I my opinion a great teaching system of dance is a system that make people dance well. A system where they know a lot but can't dance is not really a dance system in my view.


 on: June 28, 2015, 04:39:00 PM 
Started by phoenix13 - Last post by Dora-Satya Veda
Very well said Some Guy.

I spend thousands of $$$ with teachers that only knew part of the truth. My later dance Mother and Father were more expensive however I learned in days what I have spend years trying to grasp.

I would say look for quality and not for price or quantity. 


 on: June 28, 2015, 04:32:02 PM 
Started by phoenix13 - Last post by Dora-Satya Veda
 I know that several of my coaches would never take in a student without referral and without a ranking at any of the 3 british grand-slam competitions. I know that with some of my coaches that they would not take in couples that they didn't like the attitude of or couples that were having success and they as a coach didn't like their dancing. It also used to be that it was impossible to get in with a coach of a another family than you unless your family requested it for you.

Today it is not as closed and difficult to get lessons with great coaches. You will probably have an easier time getting lessons with good coaches if you can be referred by a student they already teach an like teaching. So use your personal network to get lessons with the professionals you would like to have lessons with.

Most great teachers do not teach group lessons however they might do lectures.

I would say is pick the coach you would like to work with then find out if anybody in your network work with that coach and ask them if they would help you get a foot in the door.

Good luck!


 on: June 28, 2015, 04:21:24 PM 
Started by elisedance - Last post by Dora-Satya Veda
I don't a problem with amateurs teaching however I would suggest it is like the system used to be in Europe. An amateur was only allowed to teach student up to 2 levels below them and only under the guidance of a professional. Also there should be a payment scale that is lower than the professional. It should in other words be under an apprentice system.
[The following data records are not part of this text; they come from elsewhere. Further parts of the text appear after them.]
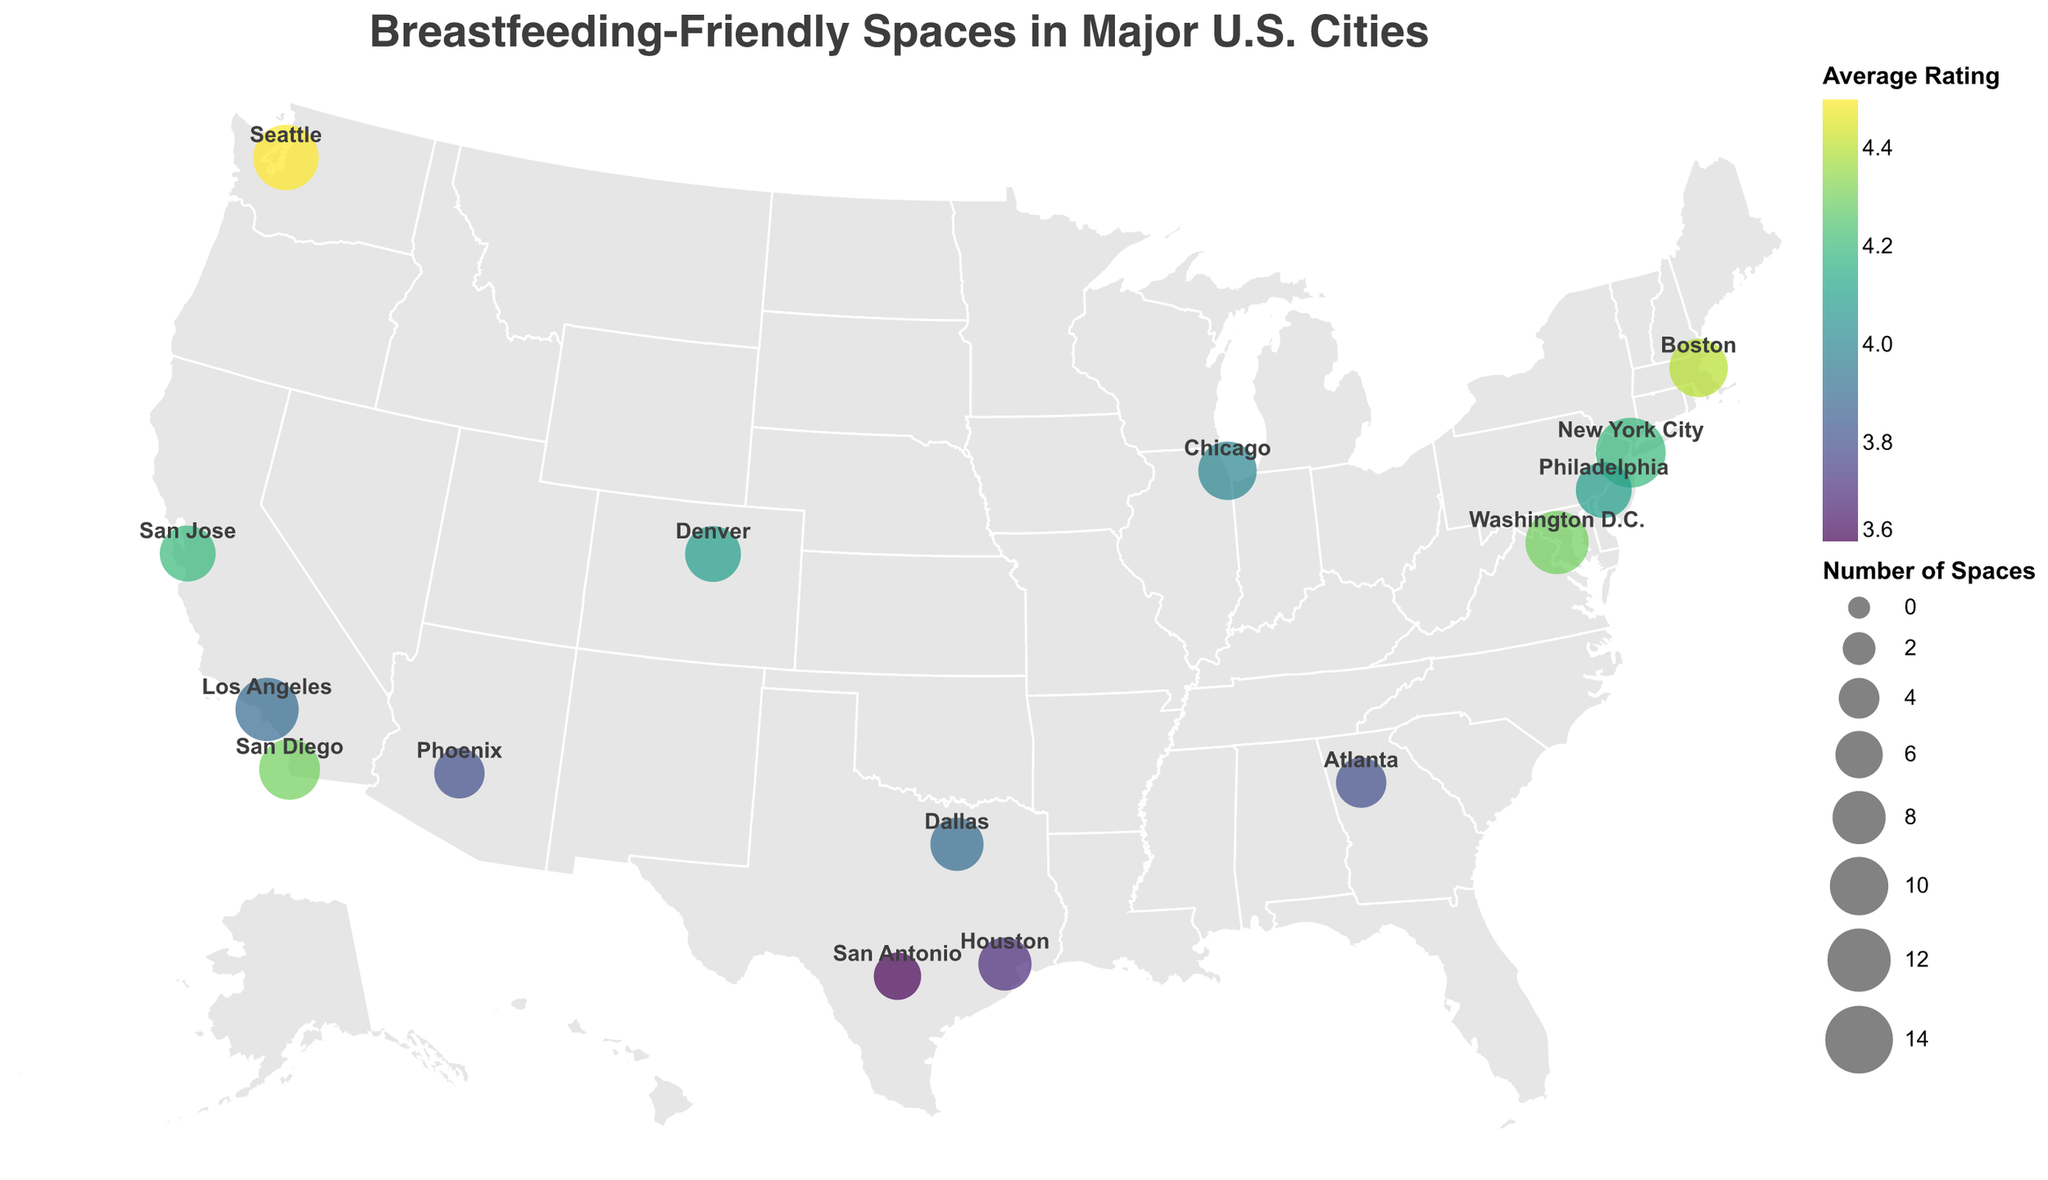What city has the highest number of breastfeeding-friendly spaces? Look at the size of the circles representing the number of breastfeeding-friendly spaces. The city with the largest circle is New York City.
Answer: New York City Which city has the highest average rating for its breastfeeding-friendly spaces? Look at the color intensity of the circles; the city with the most intense color has the highest rating. Seattle has the most vibrant color.
Answer: Seattle How many cities have an average rating of 4.0 or higher? Identify the cities with circles in shades corresponding to an average rating of 4.0 or higher. New York City, Philadelphia, San Jose, Seattle, Boston, San Diego, and Washington D.C. all meet this criterion.
Answer: 7 Which city has the lowest number of breastfeeding-friendly spaces and what is its average rating? Find the smallest circle on the map to locate the city with the fewest spaces. San Antonio has the fewest spaces, and its rating is shown with a color indicating an average rating of 3.6.
Answer: San Antonio, 3.6 Compare the number of breastfeeding-friendly spaces between New York City and Los Angeles. Which city has more, and by how many? Compare the sizes of the circles . New York City has 15 spaces, and Los Angeles has 12 spaces. Subtract 12 from 15.
Answer: New York City has 3 more spaces Which city shows a higher average rating, Phoenix or Atlanta? Look at the color of the circles representing Phoenix and Atlanta. Phoenix's circle is slightly lighter than Atlanta's, indicating a higher average rating.
Answer: Phoenix Calculate the total number of breastfeeding-friendly spaces for all cities combined. Sum the numbers of breastfeeding-friendly spaces for all cities: 15 + 12 + 10 + 8 + 7 + 9 + 6 + 11 + 8 + 9 + 13 + 10 + 9 + 12 + 7 = 146.
Answer: 146 Are there any cities with the same number of breastfeeding-friendly spaces but different average ratings? If yes, which ones? Identify cities with circles of the same size but different colors. Chicago and Boston both have 10 spaces but different ratings (4.0 and 4.4 respectively).
Answer: Chicago and Boston What is the average number of breastfeeding-friendly spaces across these cities? Sum the number of breastfeeding-friendly spaces and divide by the number of cities. (146 total spaces / 15 cities = 9.73)
Answer: 9.73 Which city has the smallest number of breastfeeding-friendly spaces with an average rating of 4.0 or higher? Look for the smallest circle among the circles with colors indicating a rating of 4.0 or higher. Philadelphia has 9 spaces with a rating of 4.1, so it qualifies.
Answer: Philadelphia

This way there some quality commitments to the profession.


 on: June 28, 2015, 04:15:26 PM 
Started by phoenix13 - Last post by Dora-Satya Veda
If you have been taught how to look at videos then it can be a great teaching tool. However if you don't know or understand what you are looking for it could ruin your dancing.


 on: June 28, 2015, 04:05:53 PM 
Started by phoenix13 - Last post by Dora-Satya Veda
Great dancing is an inside job!

There are several reasons to having a coach or coaching lessons.

1) A third eye
2) It is impossible to see what is going on within the body unless you have a trained eye.
3) Video's and mirror only gives part of a truth and without a trained eye you can only see big mistakes
4) A trained eye can see what causes the issue
5) A well trained coach understands how to correct the issue
6) A well trained coach can help the pro in a pro/am situation how to feel when the issue reappears
7) A well trained coach can help the pro deal with the issue and even correct it (from the feel)

There are many other reasons.... my mind just can't think of any more this very moment.


 on: June 28, 2015, 03:54:17 PM 
Started by elisedance - Last post by Dora-Satya Veda
When it comes to the fame with a height difference then the taller person makes the most adjustments.

The frame is not a fixed and strong contraption that you put on even if there are such contraptions on the market.

The two main things that are important with the frame is that it allows for both to dance their maximum and that it creates a look that is acceptable to the trained eye. Remember that there are a lot of things that can be done that the untrained eye would never see and that would make it feel great and create a look that appears correct. Each couple have a unique hold even if there are basic principles that are constant in all frames.

So in short a well produced frame should have no adverse effect on the couples ability to dance well and the look of harmony would also be present. 


 on: June 28, 2015, 03:37:27 PM 
Started by phoenix13 - Last post by Dora-Satya Veda
I would say the best way to develop stamina for dancing is to dance. Either dance socially or do rounds in a practice setting.